Posted to commits@arrow.apache.org by al...@apache.org on 2023/05/30 12:53:26 UTC
[arrow-rs] branch master updated: Add Builder style APIs and docs for `FlightData`,` FlightInfo`, `FlightEndpoint`, `Locaation` and `Ticket` (#4294)
This is an automated email from the ASF dual-hosted git repository.
alamb pushed a commit to branch master
in repository https://gitbox.apache.org/repos/asf/arrow-rs.git
The following commit(s) were added to refs/heads/master by this push:
new 1b409a184 Add Builder style APIs and docs for `FlightData`,` FlightInfo`, `FlightEndpoint`, `Locaation` and `Ticket` (#4294)
1b409a184 is described below
commit 1b409a184f114c0b4a21f6f50081310d30ed0eaf
Author: Andrew Lamb <an...@nerdnetworks.org>
AuthorDate: Tue May 30 08:53:20 2023 -0400
Add Builder style APIs and docs for `FlightData`,` FlightInfo`, `FlightEndpoint`, `Locaation` and `Ticket` (#4294)
* Add Builder style APIs and docs for FlightData, FlightInfo, FlightEndpoint, Locaation and Ticket
* fix and clippy
* Rename `FlightInfo::with_schema` to `FlightInfo::try_with_schema`
---
arrow-flight/examples/flight_sql_server.rs | 62 ++------
arrow-flight/src/lib.rs | 221 ++++++++++++++++++++++++----
arrow-flight/tests/flight_sql_client_cli.rs | 64 ++++----
3 files changed, 232 insertions(+), 115 deletions(-)

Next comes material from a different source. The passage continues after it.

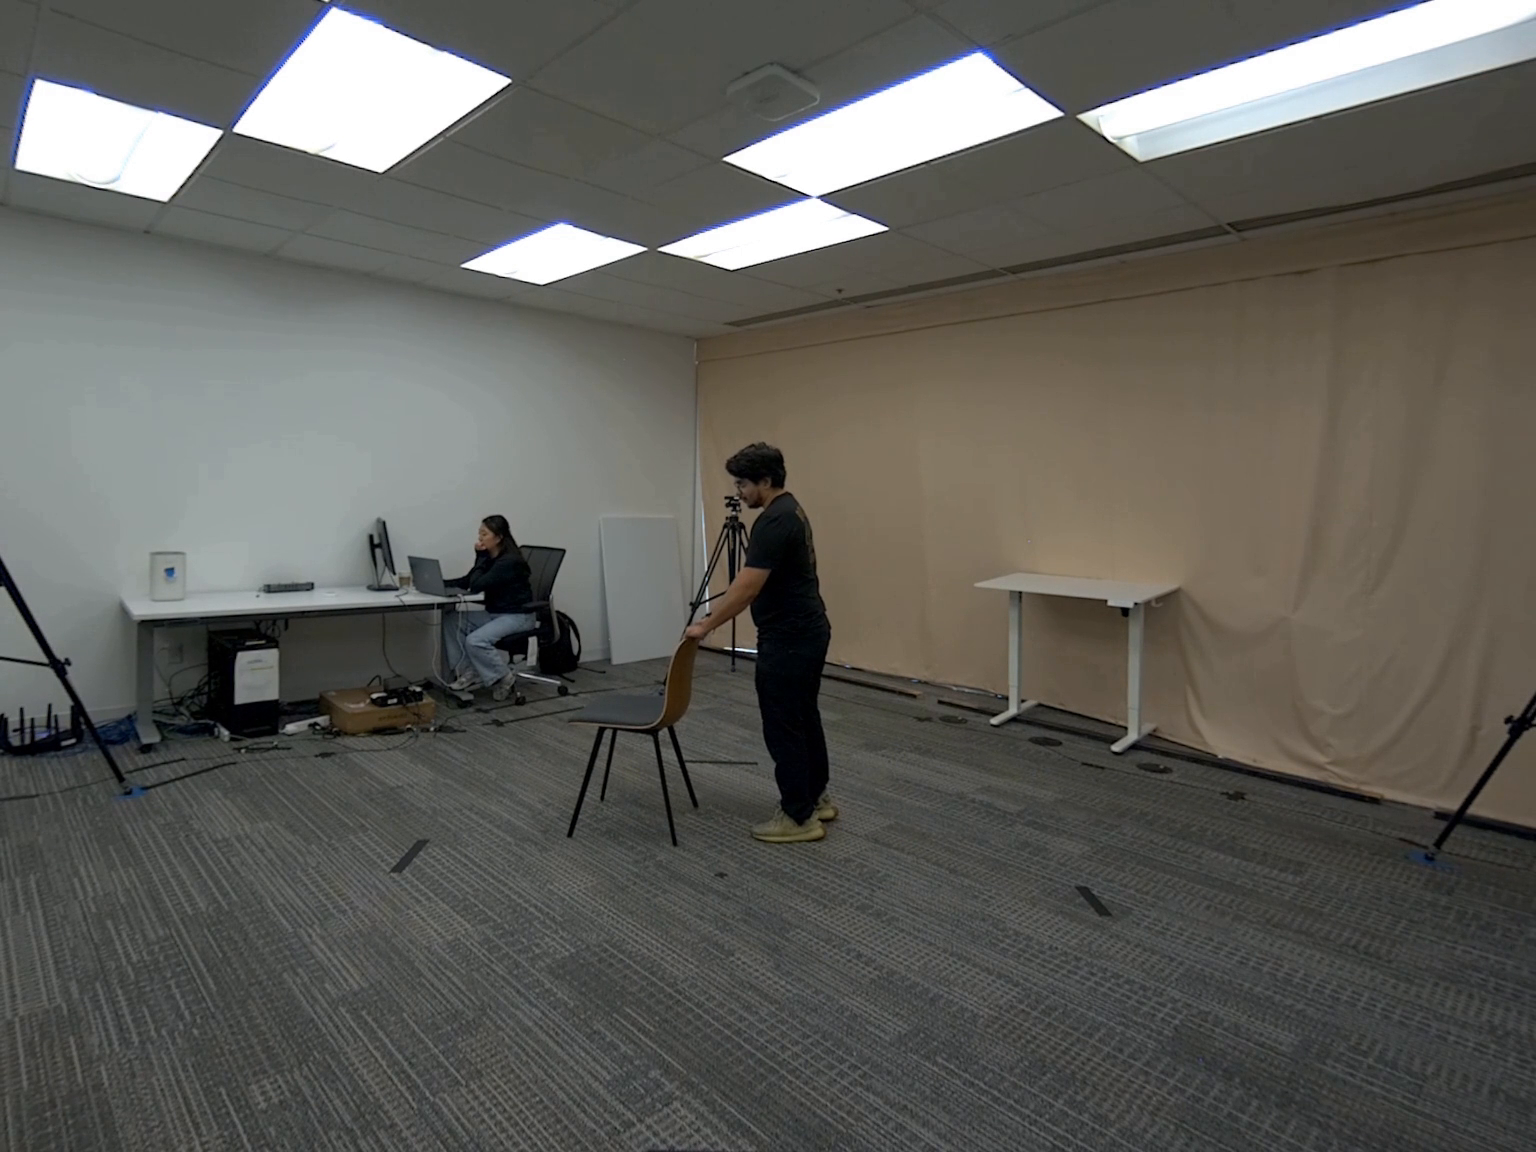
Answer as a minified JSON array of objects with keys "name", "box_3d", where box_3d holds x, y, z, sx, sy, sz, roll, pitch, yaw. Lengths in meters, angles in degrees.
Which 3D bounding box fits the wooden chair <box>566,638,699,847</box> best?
[{"name":"wooden chair","box_3d":[-0.565,0.622,3.562,0.526,0.875,0.476,6,4,7]}]

diff --git a/arrow-flight/examples/flight_sql_server.rs b/arrow-flight/examples/flight_sql_server.rs
index 27ae5d854..783e0bf5b 100644
--- a/arrow-flight/examples/flight_sql_server.rs
+++ b/arrow-flight/examples/flight_sql_server.rs
@@ -29,7 +29,6 @@ use tonic::{Request, Response, Status, Streaming};
use arrow_array::builder::StringBuilder;
use arrow_array::{ArrayRef, RecordBatch};
use arrow_flight::encode::FlightDataEncoderBuilder;
-use arrow_flight::flight_descriptor::DescriptorType;
use arrow_flight::sql::sql_info::SqlInfoList;
use arrow_flight::sql::{
server::FlightSqlService, ActionBeginSavepointRequest, ActionBeginSavepointResult,
@@ -222,26 +221,15 @@ impl FlightSqlService for FlightSqlServiceImpl {
ticket: Some(ticket),
location: vec![loc],
};
- let endpoints = vec![endpoint];
+ let info = FlightInfo::new()
+ .try_with_schema(&schema)
+ .map_err(|e| status!("Unable to serialize schema", e))?
+ .with_descriptor(FlightDescriptor::new_cmd(vec![]))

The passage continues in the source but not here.